▸ **WHAT THIS TASK INVOLVES**: Select every line containing the word "object" from the material, and copy those lines.

▸ **STORED DATA**:
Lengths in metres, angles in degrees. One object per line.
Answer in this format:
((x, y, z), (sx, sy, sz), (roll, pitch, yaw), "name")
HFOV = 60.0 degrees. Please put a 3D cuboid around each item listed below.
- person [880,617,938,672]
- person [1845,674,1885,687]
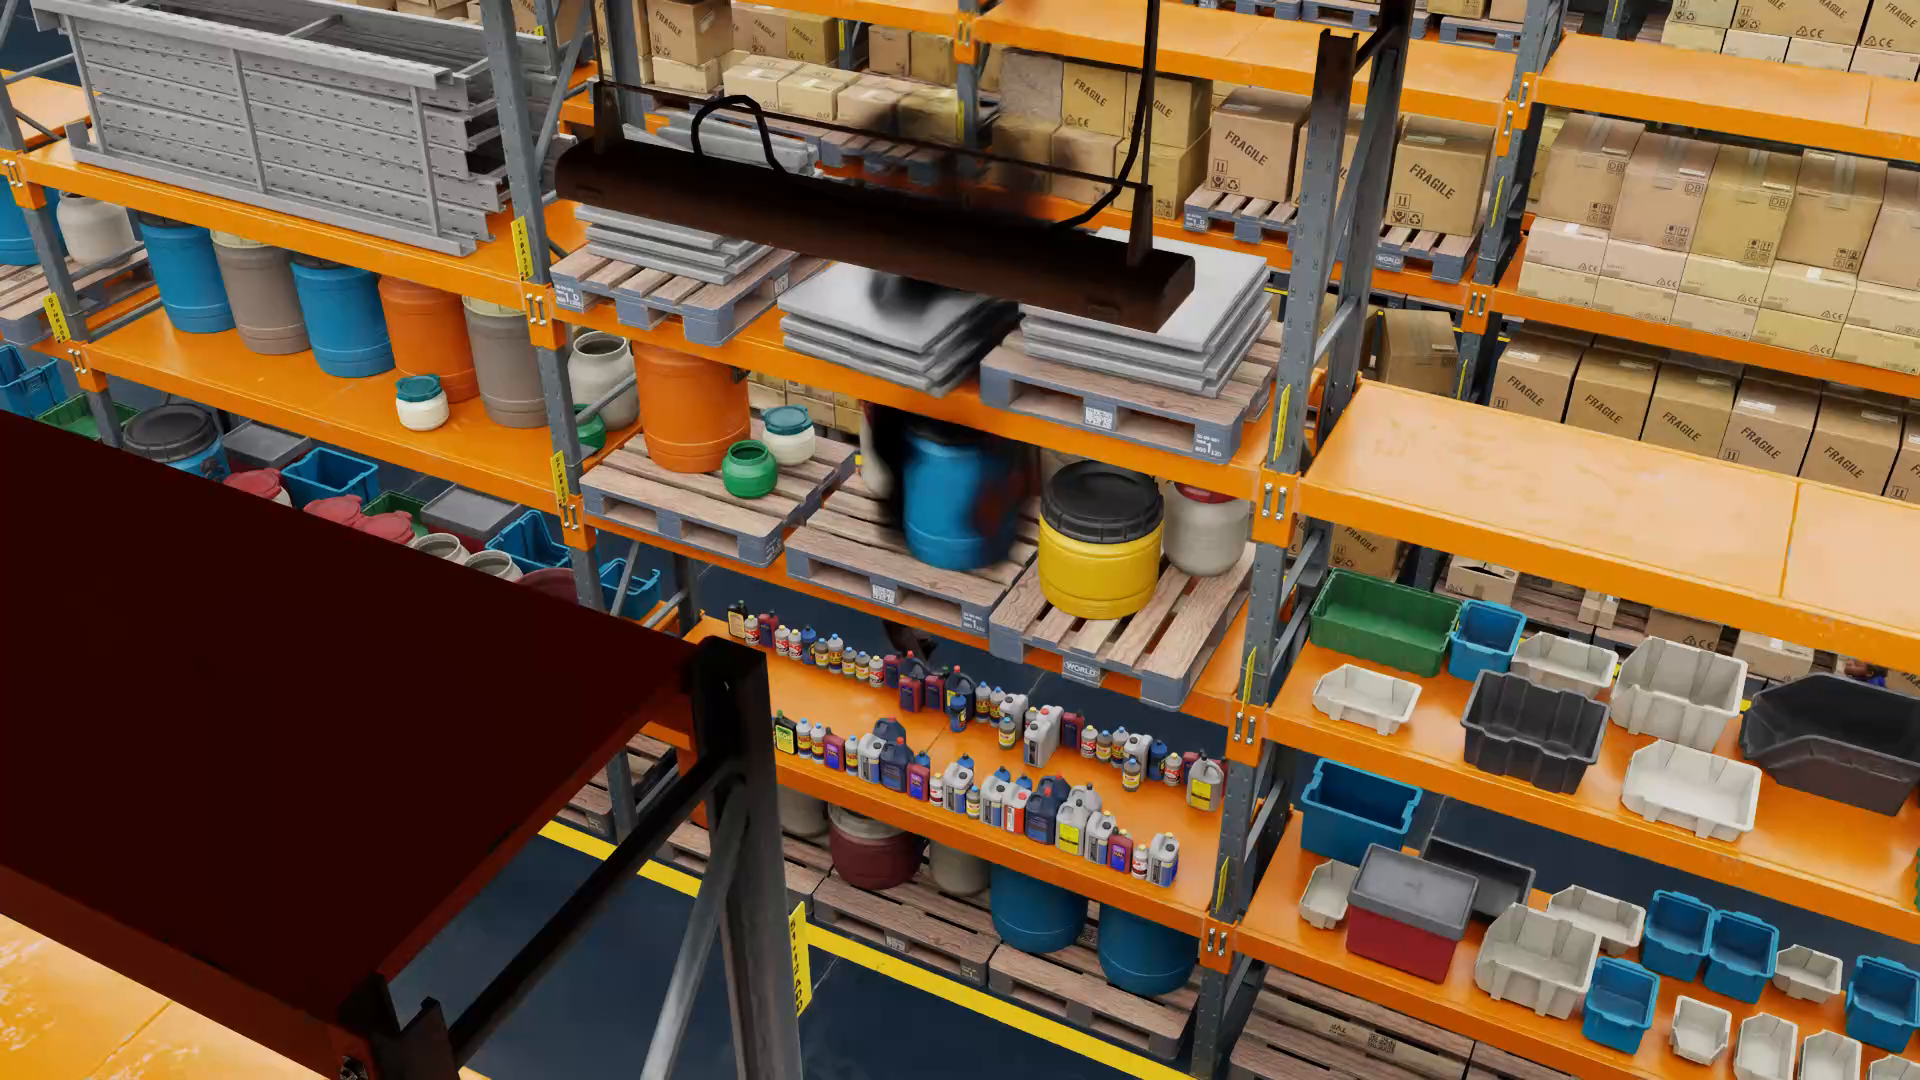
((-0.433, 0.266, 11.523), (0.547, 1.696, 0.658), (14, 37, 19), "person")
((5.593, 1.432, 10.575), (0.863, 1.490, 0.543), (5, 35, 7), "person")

* * *

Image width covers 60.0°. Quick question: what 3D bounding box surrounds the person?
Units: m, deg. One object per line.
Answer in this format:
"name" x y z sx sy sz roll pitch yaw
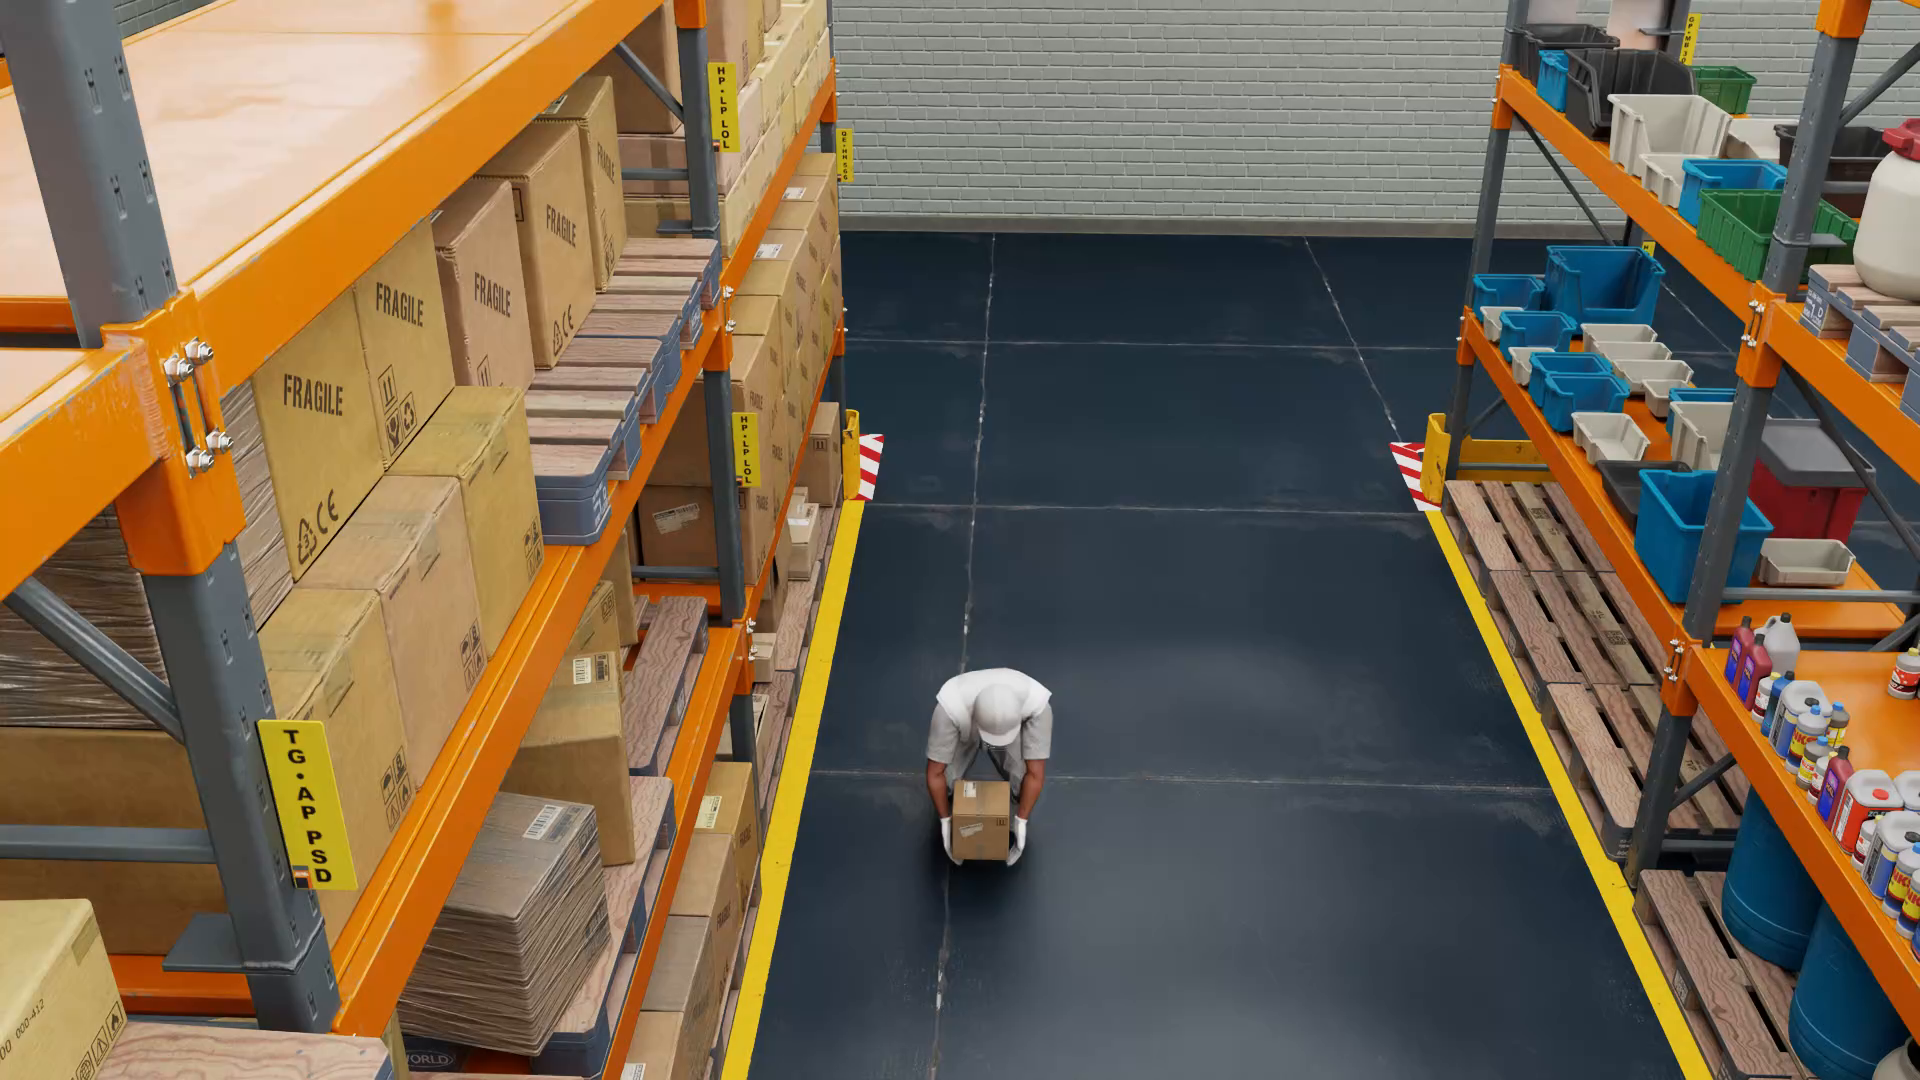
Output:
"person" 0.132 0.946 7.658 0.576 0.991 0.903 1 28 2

▸ **RESPONSE TO THE EXERCISE**:
Lengths in metres, angles in degrees. One object per line.
Units: m, deg. One object per line.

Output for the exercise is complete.